着实让凌非焉很是欣悦。但当凌非焉能够看得再清晰些,便发现这结论似乎下得为时过早了。
眼前,初一正侧身坐在床边怯怯偷望凌非焉,兴奋中暗藏沮丧,喜悦里带着忧伤。不知是涤玄真境中的磨难还是这场混沌魔劫的神殇,又或是亲手将凌非焉推进生死边缘的噩梦,她原本清朗明快的神情一夕之间沧桑许多。尤其凌非焉难得向她露出笑容,她不但没有多言几句,反而不自然的向床外的方向别了别头,好像在逃避什么。

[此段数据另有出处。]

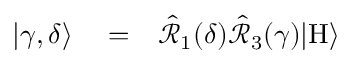Convert formula to latex. <formula><loc_0><loc_0><loc_500><loc_500>\begin{array} { r l r } { | \gamma , \delta \rangle } & = } & { \hat { \mathcal { R } } _ { 1 } ( \delta ) \hat { \mathcal { R } } _ { 3 } ( \gamma ) | H \rangle } \end{array}</formula>

凌非焉见状愈加疑惑。她看到初一已经换上一身普通的粗布青袍,却梳着与往日不同的发型。几缕刘海斜斜挡在脸颊,将右边眼睛隐约藏在发丝后面,心中不由咯噔一下。初一这般躲她,莫非与那只金眸相干?
自知大梦方醒气息尚且虚弱,凌非焉急切想知答案便也不与初一多做周旋,直接问道:“非一……你的魔劫……可是去了?”
听闻凌非焉伤重初愈最先关心的是自己,初一心中又是甜蜜又是感激,但凌非焉的问题却令她猛然一震。她下意识抬手捂住眼睛,唏嘘应道:“不是去了,少祭师说,入魔便是入魔……再无回头路了……”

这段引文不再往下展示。